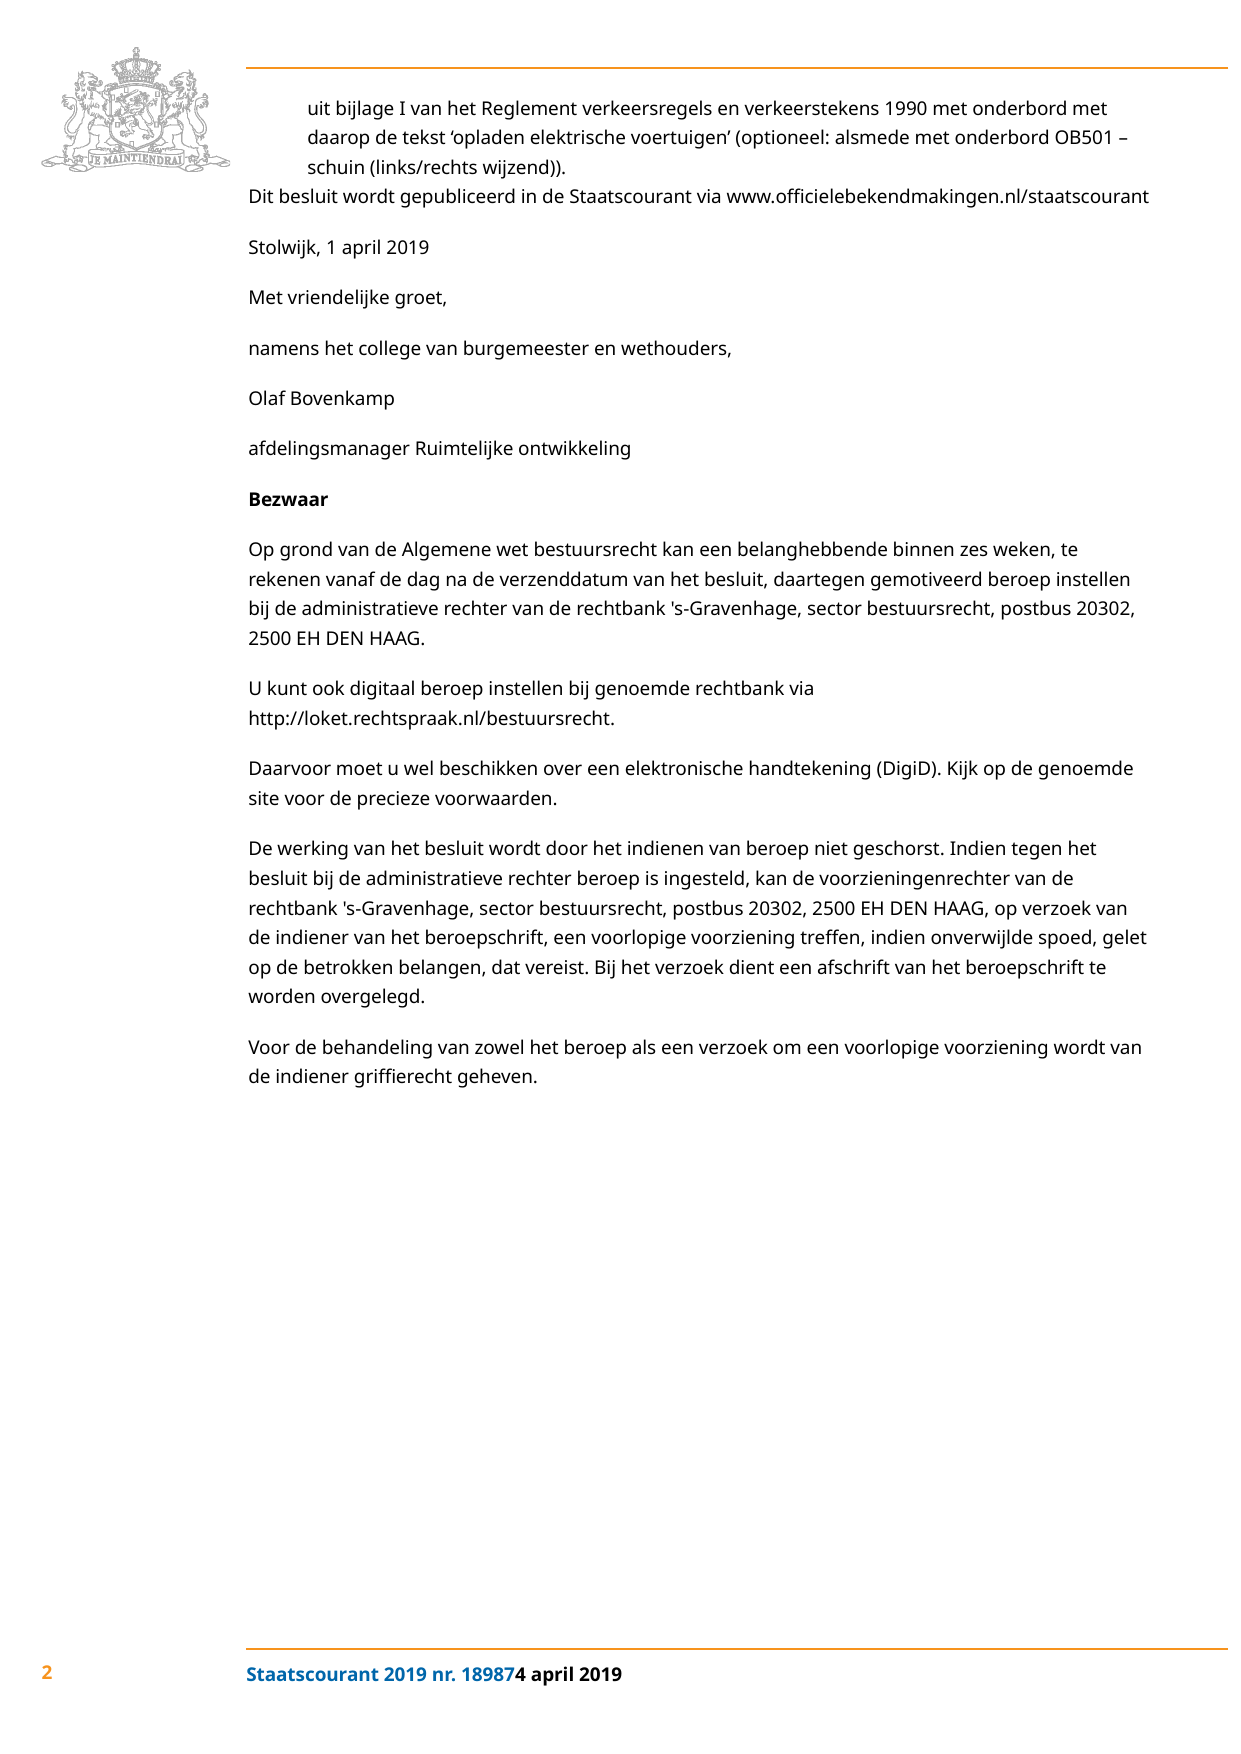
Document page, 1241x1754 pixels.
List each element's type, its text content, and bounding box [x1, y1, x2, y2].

text Olaf Bovenkamp [248, 385, 1152, 411]
text namens het college van burgemeester en wethouders, [248, 335, 1152, 361]
text De werking van het besluit wordt door het indienen van beroep niet geschorst. Indien tegen het besluit bij de administratieve rechter beroep is ingesteld, kan de voorzieningenrechter van de rechtbank 's-Gravenhage, sector bestuursrecht, postbus 20302, 2500 EH DEN HAAG, op verzoek van de indiener van het beroepschrift, een voorlopige voorziening treffen, indien onverwijlde spoed, gelet op de betrokken belangen, dat vereist. Bij het verzoek dient een afschrift van het beroepschrift te worden overgelegd. [248, 836, 1152, 1009]
list uit bijlage I van het Reglement verkeersregels en verkeerstekens 1990 met onderbord met daarop de tekst ‘opladen elektrische voertuigen’ (optioneel: alsmede met onderbord OB501 – schuin (links/rechts wijzend)). [248, 95, 1152, 180]
text Dit besluit wordt gepubliceerd in de Staatscourant via www.officielebekendmakingen.nl/staatscourant [248, 183, 1152, 209]
text U kunt ook digitaal beroep instellen bij genoemde rechtbank via http://loket.rechtspraak.nl/bestuursrecht. [248, 676, 1152, 731]
text Daarvoor moet u wel beschikken over een elektronische handtekening (DigiD). Kijk op de genoemde site voor de precieze voorwaarden. [248, 756, 1152, 811]
text Bezwaar [248, 486, 1152, 512]
picture [41, 47, 231, 172]
text Op grond van de Algemene wet bestuursrecht kan een belanghebbende binnen zes weken, te rekenen vanaf de dag na de verzenddatum van het besluit, daartegen gemotiveerd beroep instellen bij de administratieve rechter van de rechtbank 's-Gravenhage, sector bestuursrecht, postbus 20302, 2500 EH DEN HAAG. [248, 536, 1152, 651]
text Voor de behandeling van zowel het beroep als een verzoek om een voorlopige voorziening wordt van de indiener griffierecht geheven. [248, 1034, 1152, 1089]
text Met vriendelijke groet, [248, 284, 1152, 310]
text afdelingsmanager Ruimtelijke ontwikkeling [248, 436, 1152, 461]
text Stolwijk, 1 april 2019 [248, 234, 1152, 260]

::::::::::

## YOUR ASSIGNMENT
The line with "text namens het" ends the range, and the first line of the data begins it; repeat exactly those lines and nothing more, omitting pictures.

## RESPONSE BELOW
Document page, 1241x1754 pixels.
List each element's type, its text content, and bounding box [x1, y1, x2, y2].

text Olaf Bovenkamp [248, 385, 1152, 411]
text namens het college van burgemeester en wethouders, [248, 335, 1152, 361]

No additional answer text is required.